My opinion for what it is worth. I am not convinced the square tip wing, or extended wing, actually makes a difference. To the best of my knowledge no one has ever done a comparison. The whole reason I had those wings is that I intended to try to do a comparison evaluation. The problem is no one (to my knowledge) has changed out ONLY the wings (ie one variable) and done a serious flight test evaluation. The same airframe has never had both sets of wings. In every case an airplane is built, then the owner/builder lauds the performance of the square tip wing with no true comparative data. He is comparing it to a completely different airplane.
The only way to find out if there is a performance difference is to fly the exact airframe with both sets of wings, controlling the variables as much as possible, and doing a controlled flight test. Not just flying it around and saying "it flies better".

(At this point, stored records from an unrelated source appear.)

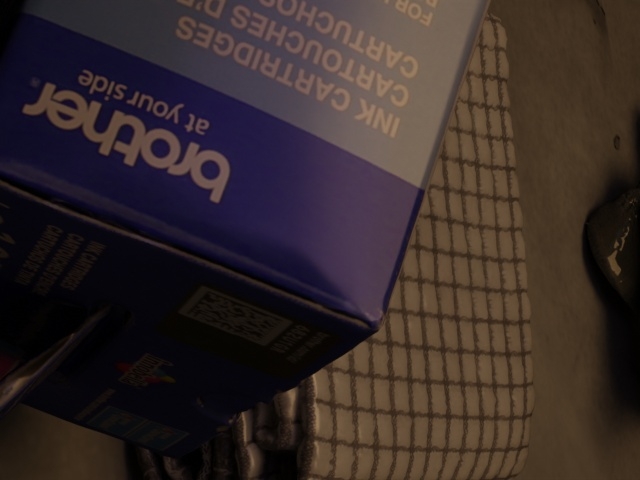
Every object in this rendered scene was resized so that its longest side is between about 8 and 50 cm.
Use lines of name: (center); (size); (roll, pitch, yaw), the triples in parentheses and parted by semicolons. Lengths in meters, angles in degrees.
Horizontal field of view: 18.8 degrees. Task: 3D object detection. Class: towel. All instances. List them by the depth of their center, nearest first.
towel: (0.000, 0.000, 0.995); (0.235, 0.121, 0.284); (8, 75, -56)

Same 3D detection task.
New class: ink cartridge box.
ink cartridge box: (-0.042, -0.081, 0.730); (0.151, 0.270, 0.396); (22, 69, -12)

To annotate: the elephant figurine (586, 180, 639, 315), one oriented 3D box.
elephant figurine: (0.279, 0.007, 1.445); (0.169, 0.186, 0.239); (-20, 86, -16)
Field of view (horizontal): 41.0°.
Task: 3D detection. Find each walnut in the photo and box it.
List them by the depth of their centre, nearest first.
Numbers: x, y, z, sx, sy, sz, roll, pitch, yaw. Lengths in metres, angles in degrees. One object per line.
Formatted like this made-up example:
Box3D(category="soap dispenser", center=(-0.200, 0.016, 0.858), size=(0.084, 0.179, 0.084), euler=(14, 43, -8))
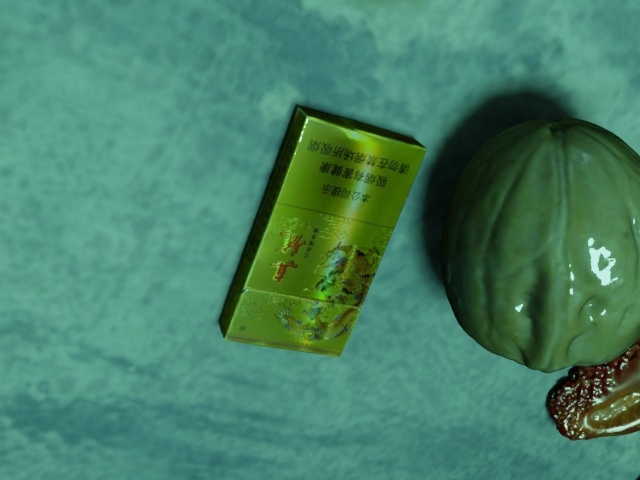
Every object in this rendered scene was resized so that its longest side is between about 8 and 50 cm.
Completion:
Box3D(category="walnut", center=(0.145, 0.006, 0.532), size=(0.140, 0.140, 0.162), euler=(-17, 135, -11))

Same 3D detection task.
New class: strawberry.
Box3D(category="strawberry", center=(0.255, 0.113, 0.677), size=(0.152, 0.048, 0.104), euler=(-35, 119, -4))

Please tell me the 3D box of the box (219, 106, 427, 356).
Box3D(category="box", center=(0.000, 0.000, 0.540), size=(0.089, 0.022, 0.156), euler=(14, 110, -25))
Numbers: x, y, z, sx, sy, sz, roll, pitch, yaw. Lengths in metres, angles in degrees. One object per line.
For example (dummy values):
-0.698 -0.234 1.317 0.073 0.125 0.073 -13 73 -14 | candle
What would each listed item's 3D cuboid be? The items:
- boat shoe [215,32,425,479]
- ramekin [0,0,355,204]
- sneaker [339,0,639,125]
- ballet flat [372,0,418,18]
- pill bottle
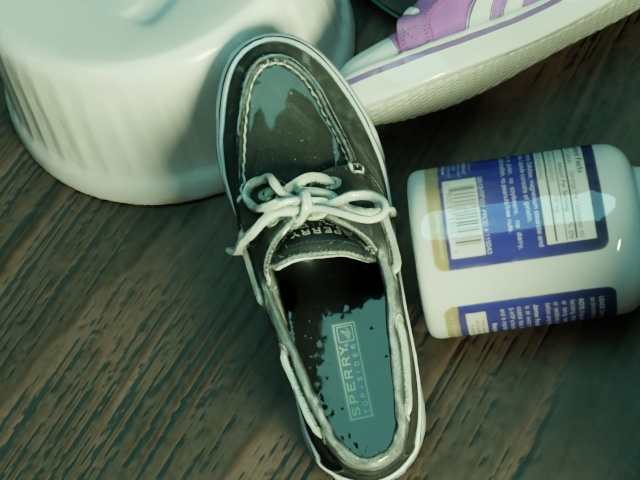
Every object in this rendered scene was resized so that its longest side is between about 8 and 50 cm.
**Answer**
-0.004 0.001 1.007 0.113 0.105 0.306 -9 75 1 | boat shoe
-0.120 -0.177 1.188 0.277 0.135 0.277 -6 56 8 | ramekin
0.109 -0.195 1.142 0.282 0.102 0.161 -28 83 -14 | sneaker
0.034 -0.248 1.236 0.074 0.074 0.203 -31 56 -9 | ballet flat
0.155 -0.003 1.029 0.186 0.112 0.112 -8 56 7 | pill bottle
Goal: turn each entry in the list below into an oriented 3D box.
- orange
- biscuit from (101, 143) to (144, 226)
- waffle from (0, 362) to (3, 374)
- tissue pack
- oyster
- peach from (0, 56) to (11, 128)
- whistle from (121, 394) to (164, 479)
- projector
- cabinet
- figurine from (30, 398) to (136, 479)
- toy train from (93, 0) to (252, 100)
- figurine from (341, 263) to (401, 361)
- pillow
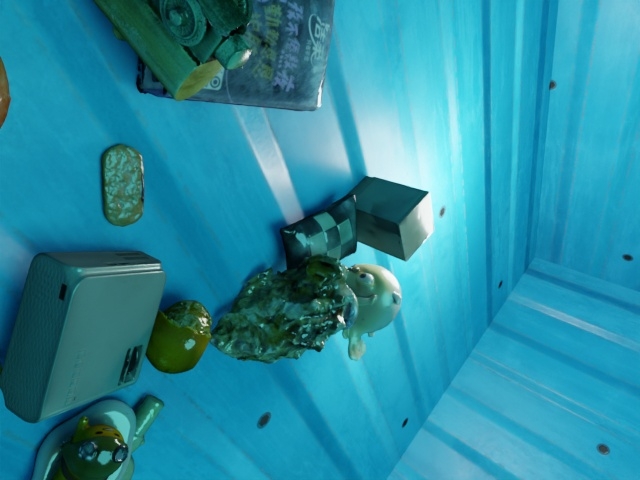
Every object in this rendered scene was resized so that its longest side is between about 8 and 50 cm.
[{"bbox_3d":[-0.284,0.186,0.871,0.134,0.156,0.156,23,91,-22],"label":"orange"},{"bbox_3d":[-0.341,-0.093,0.762,0.071,0.018,0.147,-13,119,-43],"label":"biscuit"},{"bbox_3d":[-0.602,0.218,0.581,0.293,0.069,0.259,32,80,-52],"label":"waffle"},{"bbox_3d":[-0.130,-0.370,0.788,0.361,0.122,0.259,-14,121,-47],"label":"tissue pack"},{"bbox_3d":[-0.087,0.178,1.032,0.351,0.115,0.237,-17,94,-12],"label":"oyster"},{"bbox_3d":[-0.438,-0.165,0.445,0.233,0.233,0.232,-26,127,-40],"label":"peach"},{"bbox_3d":[-0.419,0.444,0.912,0.258,0.067,0.126,-56,137,-17],"label":"whistle"},{"bbox_3d":[-0.384,0.143,0.731,0.198,0.108,0.250,0,109,-69],"label":"projector"},{"bbox_3d":[0.187,-0.068,1.237,0.150,0.206,0.145,-45,137,-25],"label":"cabinet"},{"bbox_3d":[-0.419,0.423,0.788,0.167,0.141,0.249,31,71,-30],"label":"figurine"},{"bbox_3d":[-0.214,-0.336,0.578,0.307,0.189,0.126,50,53,-9],"label":"toy train"},{"bbox_3d":[0.058,0.211,1.237,0.394,0.227,0.274,-5,86,-38],"label":"figurine"},{"bbox_3d":[0.000,0.000,1.137,0.250,0.106,0.186,-27,128,-33],"label":"pillow"}]
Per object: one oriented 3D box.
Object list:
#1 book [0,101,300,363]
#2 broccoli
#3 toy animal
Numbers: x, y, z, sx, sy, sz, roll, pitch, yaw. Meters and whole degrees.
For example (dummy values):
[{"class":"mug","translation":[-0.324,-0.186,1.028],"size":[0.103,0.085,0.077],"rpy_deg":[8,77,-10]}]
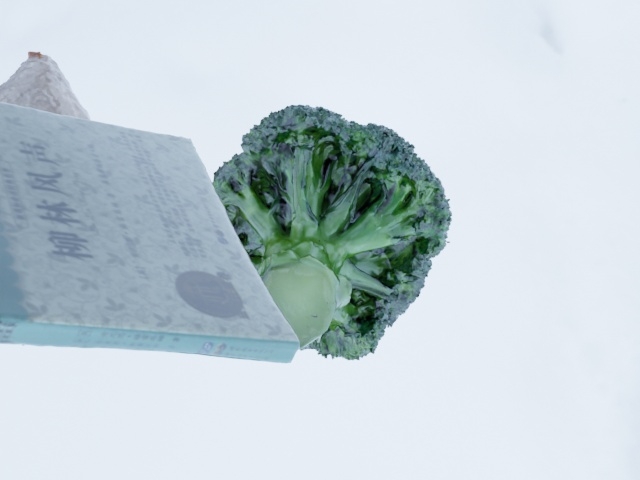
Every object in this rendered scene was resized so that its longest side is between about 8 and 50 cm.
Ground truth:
[{"class":"book","translation":[-0.220,-0.022,0.709],"size":[0.031,0.379,0.264],"rpy_deg":[-62,38,27]},{"class":"broccoli","translation":[0.000,0.000,1.152],"size":[0.297,0.298,0.297],"rpy_deg":[-56,8,15]},{"class":"toy animal","translation":[-0.449,-0.107,1.601],"size":[0.227,0.188,0.358],"rpy_deg":[-6,77,27]}]
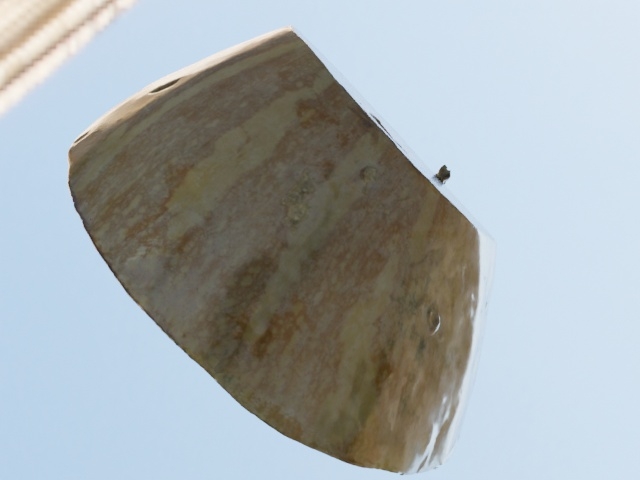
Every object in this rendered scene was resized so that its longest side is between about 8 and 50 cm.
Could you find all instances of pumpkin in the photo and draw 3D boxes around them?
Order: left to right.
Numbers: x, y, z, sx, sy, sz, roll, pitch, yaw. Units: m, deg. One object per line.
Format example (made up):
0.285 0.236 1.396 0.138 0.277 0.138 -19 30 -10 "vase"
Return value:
0.006 -0.013 0.848 0.217 0.110 0.217 34 -162 -12 "pumpkin"
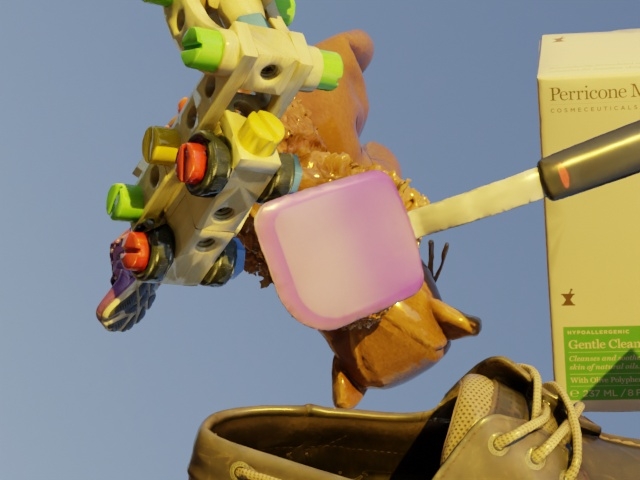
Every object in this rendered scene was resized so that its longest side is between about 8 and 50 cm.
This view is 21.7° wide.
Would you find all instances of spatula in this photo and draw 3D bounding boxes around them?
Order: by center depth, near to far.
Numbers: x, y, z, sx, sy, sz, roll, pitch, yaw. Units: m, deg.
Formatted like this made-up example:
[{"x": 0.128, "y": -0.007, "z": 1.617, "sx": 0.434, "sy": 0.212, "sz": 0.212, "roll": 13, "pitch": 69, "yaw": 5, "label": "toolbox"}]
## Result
[{"x": 0.109, "y": -0.026, "z": 0.991, "sx": 0.030, "sy": 0.296, "sz": 0.084, "roll": -174, "pitch": -115, "yaw": -82, "label": "spatula"}]

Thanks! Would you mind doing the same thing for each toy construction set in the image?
[{"x": -0.089, "y": -0.091, "z": 1.275, "sx": 0.328, "sy": 0.151, "sz": 0.215, "roll": 110, "pitch": -31, "yaw": -49, "label": "toy construction set"}]

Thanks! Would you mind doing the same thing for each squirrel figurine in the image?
[{"x": 0.000, "y": 0.000, "z": 1.766, "sx": 0.370, "sy": 0.281, "sz": 0.397, "roll": 62, "pitch": 8, "yaw": -3, "label": "squirrel figurine"}]

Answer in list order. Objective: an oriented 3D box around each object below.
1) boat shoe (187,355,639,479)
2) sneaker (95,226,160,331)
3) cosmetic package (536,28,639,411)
[{"x": 0.094, "y": 0.139, "z": 0.891, "sx": 0.132, "sy": 0.355, "sz": 0.130, "roll": -86, "pitch": 171, "yaw": -68, "label": "boat shoe"}, {"x": -0.210, "y": 0.032, "z": 1.850, "sx": 0.071, "sy": 0.170, "sz": 0.068, "roll": 19, "pitch": -43, "yaw": 9, "label": "sneaker"}, {"x": 0.324, "y": -0.021, "z": 1.696, "sx": 0.197, "sy": 0.155, "sz": 0.366, "roll": -3, "pitch": -67, "yaw": 11, "label": "cosmetic package"}]
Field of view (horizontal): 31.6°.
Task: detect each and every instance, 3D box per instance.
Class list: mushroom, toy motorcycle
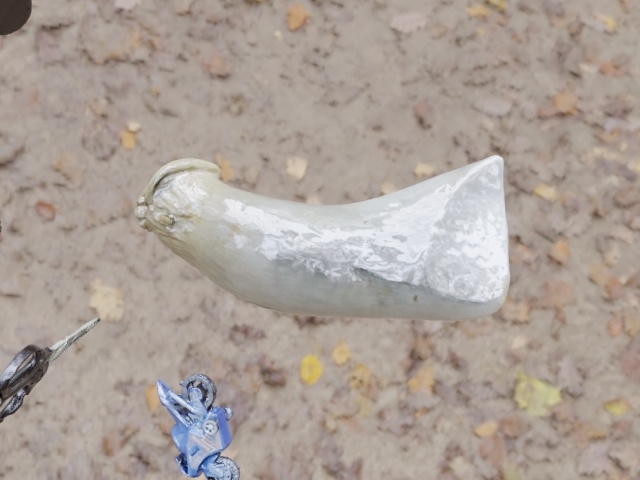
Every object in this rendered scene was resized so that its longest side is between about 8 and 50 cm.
[{"bbox_3d":[-0.001,0.000,1.220,0.397,0.126,0.177,0,79,-3],"label":"mushroom"},{"bbox_3d":[-0.205,0.323,1.900,0.076,0.114,0.205,-35,110,-69],"label":"toy motorcycle"}]

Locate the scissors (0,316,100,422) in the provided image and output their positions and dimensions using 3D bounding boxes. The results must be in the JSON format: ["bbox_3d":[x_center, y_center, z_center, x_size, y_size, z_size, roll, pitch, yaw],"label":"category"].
[{"bbox_3d":[-0.364,0.157,1.536,0.022,0.109,0.300,28,20,7],"label":"scissors"}]

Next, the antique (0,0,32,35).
[{"bbox_3d":[-0.527,-0.351,1.322,0.322,0.185,0.255,19,31,-53],"label":"antique"}]

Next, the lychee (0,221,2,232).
[{"bbox_3d":[-0.604,-0.021,1.766,0.188,0.188,0.188,9,50,-11],"label":"lychee"}]
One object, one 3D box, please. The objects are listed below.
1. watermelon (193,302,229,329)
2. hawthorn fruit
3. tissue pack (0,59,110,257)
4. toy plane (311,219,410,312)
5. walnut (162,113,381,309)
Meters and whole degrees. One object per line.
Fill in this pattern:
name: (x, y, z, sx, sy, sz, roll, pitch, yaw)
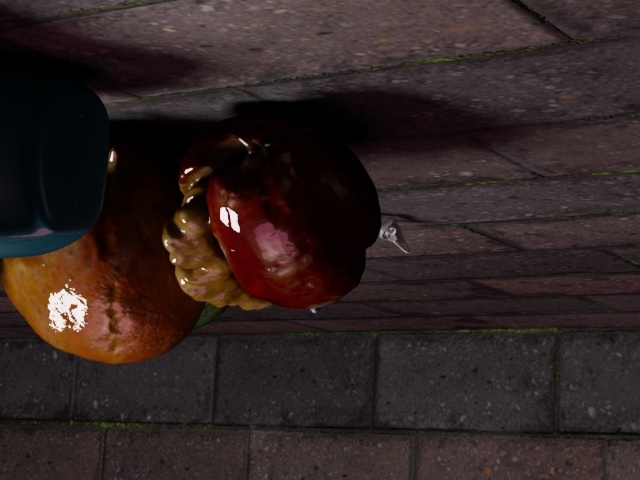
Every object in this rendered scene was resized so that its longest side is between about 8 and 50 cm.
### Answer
watermelon: (-0.222, 0.042, 2.171, 0.215, 0.188, 0.188, 5, 172, 27)
hawthorn fruit: (-0.254, -0.009, 1.733, 0.277, 0.277, 0.298, 4, 143, -5)
tissue pack: (-0.372, -0.084, 1.455, 0.287, 0.198, 0.206, 8, 168, -38)
toy plane: (0.005, 0.008, 2.104, 0.273, 0.182, 0.107, 4, 138, -9)
walnut: (-0.064, -0.028, 1.637, 0.244, 0.221, 0.269, -30, 145, 11)

I do not know which wing is better and frankly I do not believe anyone else does either. It is just another Alaska "old wives tale" until properly tested.
My opinion only
Bill
Bill,
I flew a Super Cub with extended wings and droop tips, stock flaps and ailerons for several years at work. Floats much of the year, wheels the rest. Ran engine past tbo, and plane received a factory reman O-320. The next year, Maintenance had me bring it to ANC for recover in fall. Management wanted to get rid of the extended wings, and I didn’t argue, so a new set of wings were installed on the plane. To the best of my recollection, nothing else was done to the plane during recover. This was a 1969 plane, bought new by FWS and never wrecked.
I flew that plane, with stock wings, for about another year, mostly on floats.
There were two notable differences in that aircraft: First, it took a notably longer distance to get off the water, when heavy. The lake I operated off was narrow, so easy to see difference. No scientific tests done, but takeoff distance increased by over 100 feet, at least, and maybe more. Second, the airplane, with extended wings and original aileron location had very poor roll authority. I flew that thing in a lot of turbulence, and after a while, you realized the stick didn’t do much. With stock wings, roll authority was much better, very noticeable.
About the same time, a friend had his SC rebuilt, also on floats. His wings were extended, but ailerons were moved to the tips, and flaps extended. It too had an O-320. I flew that plane some, and it performed on takeoff very close to the plane I flew when it had long wings. But, and this was a big but, it had roll control. I was wishing we’d kept the long wings and done the aileron/flap mods.
Im not a test pilot, by any stretch of the imagination, but I flew that plane, day to day, working it, in all sorts of loads and missions, with a lot of low level maneuvering flight. I much preferred flying the stock wing to the long wings, with stock ailerons, even though takeoff performance clearly suffered. At the time, we were operating these aircraft as “Public Aircraft”, and our outfit “suggested” using 2050 GW. In fact, we operated some heavier than that.
I never did a comparison of takeoff distances on wheels, but I don’t think the long wings really helped performance much on wheels. Roll authority still sucked, though.
Floatplane performance really benefits from two things: wing and thrust. Talk to anyone who’s flying a Skywagon with Wing X on floats.
Again, totally unscientific observations….take them for what they’re worth.